Task brief — Please, without any pictures, transcribe the lines from the one holding "centre: [x, y, z]" to the end of the listing, both ends included.

Data excerpts —
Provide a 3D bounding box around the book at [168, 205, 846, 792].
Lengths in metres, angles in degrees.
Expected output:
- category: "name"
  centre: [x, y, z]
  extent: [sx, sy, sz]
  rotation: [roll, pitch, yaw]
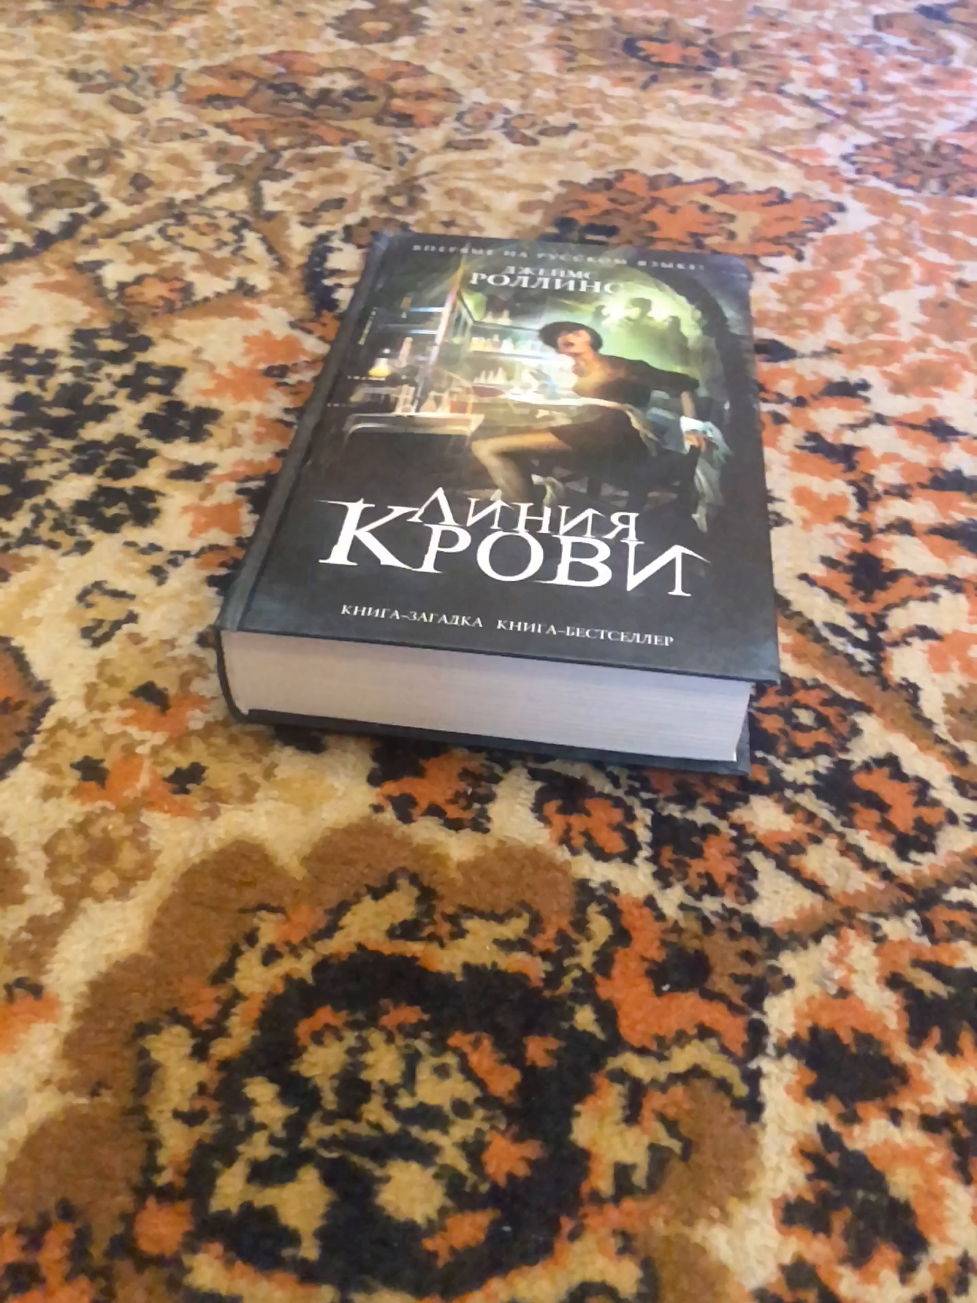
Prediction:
- category: "book"
  centre: [0.016, -0.067, 0.345]
  extent: [0.159, 0.040, 0.227]
  rotation: [6, 47, 4]
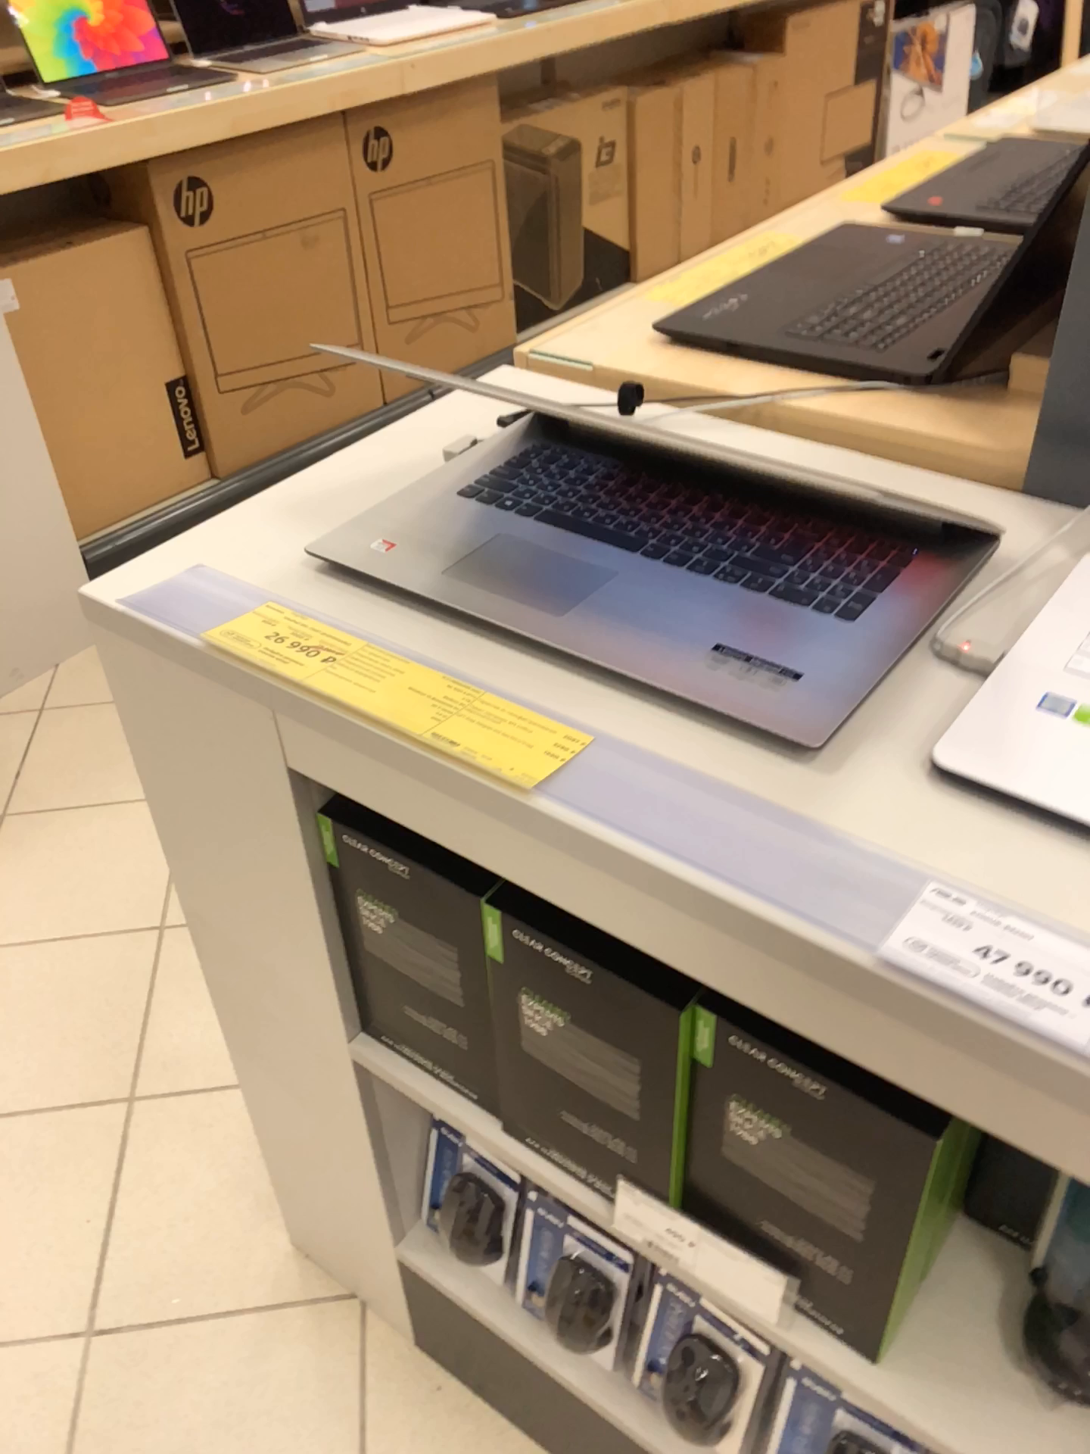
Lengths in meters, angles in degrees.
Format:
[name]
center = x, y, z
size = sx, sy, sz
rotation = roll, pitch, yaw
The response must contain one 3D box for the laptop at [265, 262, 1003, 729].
[laptop]
center = 0.056, -0.188, 0.816
size = 0.399, 0.129, 0.277
rotation = 22, 44, 30

Response to the task —
  centre: [x, y, z]
  extent: [sx, sy, sz]
  rotation: [roll, pitch, yaw]
Prediction:
- category: "book"
  centre: [0.016, -0.067, 0.345]
  extent: [0.159, 0.040, 0.227]
  rotation: [6, 47, 4]
Lengths in meters, angles in degrees.
Format:
[name]
center = x, y, z
size = sx, sy, sz
rotation = roll, pitch, yaw
The response must contain one 3D box for the laptop at [265, 262, 1003, 729].
[laptop]
center = 0.056, -0.188, 0.816
size = 0.399, 0.129, 0.277
rotation = 22, 44, 30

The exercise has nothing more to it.